**Work task**:
Below is a listing to repeat exactly, with its pictures left out.

(Data in this exercise begins)

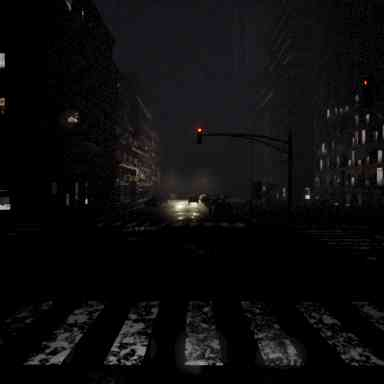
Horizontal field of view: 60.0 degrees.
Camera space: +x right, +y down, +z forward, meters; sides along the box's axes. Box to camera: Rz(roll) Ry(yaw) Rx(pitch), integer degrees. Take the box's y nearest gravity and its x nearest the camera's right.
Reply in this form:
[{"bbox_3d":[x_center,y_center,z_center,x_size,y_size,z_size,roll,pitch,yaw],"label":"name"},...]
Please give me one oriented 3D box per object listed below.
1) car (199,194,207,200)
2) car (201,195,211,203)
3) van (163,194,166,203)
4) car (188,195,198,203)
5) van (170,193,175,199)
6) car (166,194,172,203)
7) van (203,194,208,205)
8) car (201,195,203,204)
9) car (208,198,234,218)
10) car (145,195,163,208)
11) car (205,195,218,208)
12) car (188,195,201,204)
[{"bbox_3d":[2.933,1.313,86.439,1.967,1.590,4.097,-1,0,0],"label":"car"},{"bbox_3d":[2.853,1.353,69.501,1.967,1.590,4.097,-1,0,0],"label":"car"},{"bbox_3d":[-5.553,1.286,52.555,1.690,1.788,3.998,-1,0,0],"label":"van"},{"bbox_3d":[0.232,1.426,71.100,2.128,1.511,4.902,0,0,0],"label":"car"},{"bbox_3d":[-5.486,1.242,75.141,1.690,1.788,3.998,-1,0,0],"label":"van"},{"bbox_3d":[-5.516,1.470,63.847,1.887,1.381,4.507,-1,0,0],"label":"car"},{"bbox_3d":[2.779,1.295,46.918,1.690,1.788,3.998,-1,0,0],"label":"van"},{"bbox_3d":[2.798,1.490,52.564,1.887,1.381,4.507,-1,0,0],"label":"car"},{"bbox_3d":[2.732,1.522,29.981,1.887,1.381,4.507,-1,0,0],"label":"car"},{"bbox_3d":[-5.566,1.520,46.910,1.947,1.339,4.313,-1,0,0],"label":"car"},{"bbox_3d":[2.747,1.410,35.626,1.967,1.590,4.097,-1,0,0],"label":"car"},{"bbox_3d":[0.277,1.435,60.898,1.837,1.490,4.892,0,0,0],"label":"car"}]

(Data in this exercise ends)

**Result for this exercise**:
Horizontal field of view: 60.0 degrees.
Camera space: +x right, +y down, +z forward, meters; sides along the box's axes. Box to camera: Rz(roll) Ry(yaw) Rx(pitch), integer degrees. Take the box's y nearest gravity and its x nearest the camera's right.
Reply in this form:
[{"bbox_3d":[x_center,y_center,z_center,x_size,y_size,z_size,roll,pitch,yaw],"label":"name"},...]
Please give me one oriented 3D box per object listed below.
1) car (199,194,207,200)
2) car (201,195,211,203)
3) van (163,194,166,203)
4) car (188,195,198,203)
5) van (170,193,175,199)
6) car (166,194,172,203)
7) van (203,194,208,205)
8) car (201,195,203,204)
9) car (208,198,234,218)
10) car (145,195,163,208)
11) car (205,195,218,208)
12) car (188,195,201,204)
[{"bbox_3d":[2.933,1.313,86.439,1.967,1.590,4.097,-1,0,0],"label":"car"},{"bbox_3d":[2.853,1.353,69.501,1.967,1.590,4.097,-1,0,0],"label":"car"},{"bbox_3d":[-5.553,1.286,52.555,1.690,1.788,3.998,-1,0,0],"label":"van"},{"bbox_3d":[0.232,1.426,71.100,2.128,1.511,4.902,0,0,0],"label":"car"},{"bbox_3d":[-5.486,1.242,75.141,1.690,1.788,3.998,-1,0,0],"label":"van"},{"bbox_3d":[-5.516,1.470,63.847,1.887,1.381,4.507,-1,0,0],"label":"car"},{"bbox_3d":[2.779,1.295,46.918,1.690,1.788,3.998,-1,0,0],"label":"van"},{"bbox_3d":[2.798,1.490,52.564,1.887,1.381,4.507,-1,0,0],"label":"car"},{"bbox_3d":[2.732,1.522,29.981,1.887,1.381,4.507,-1,0,0],"label":"car"},{"bbox_3d":[-5.566,1.520,46.910,1.947,1.339,4.313,-1,0,0],"label":"car"},{"bbox_3d":[2.747,1.410,35.626,1.967,1.590,4.097,-1,0,0],"label":"car"},{"bbox_3d":[0.277,1.435,60.898,1.837,1.490,4.892,0,0,0],"label":"car"}]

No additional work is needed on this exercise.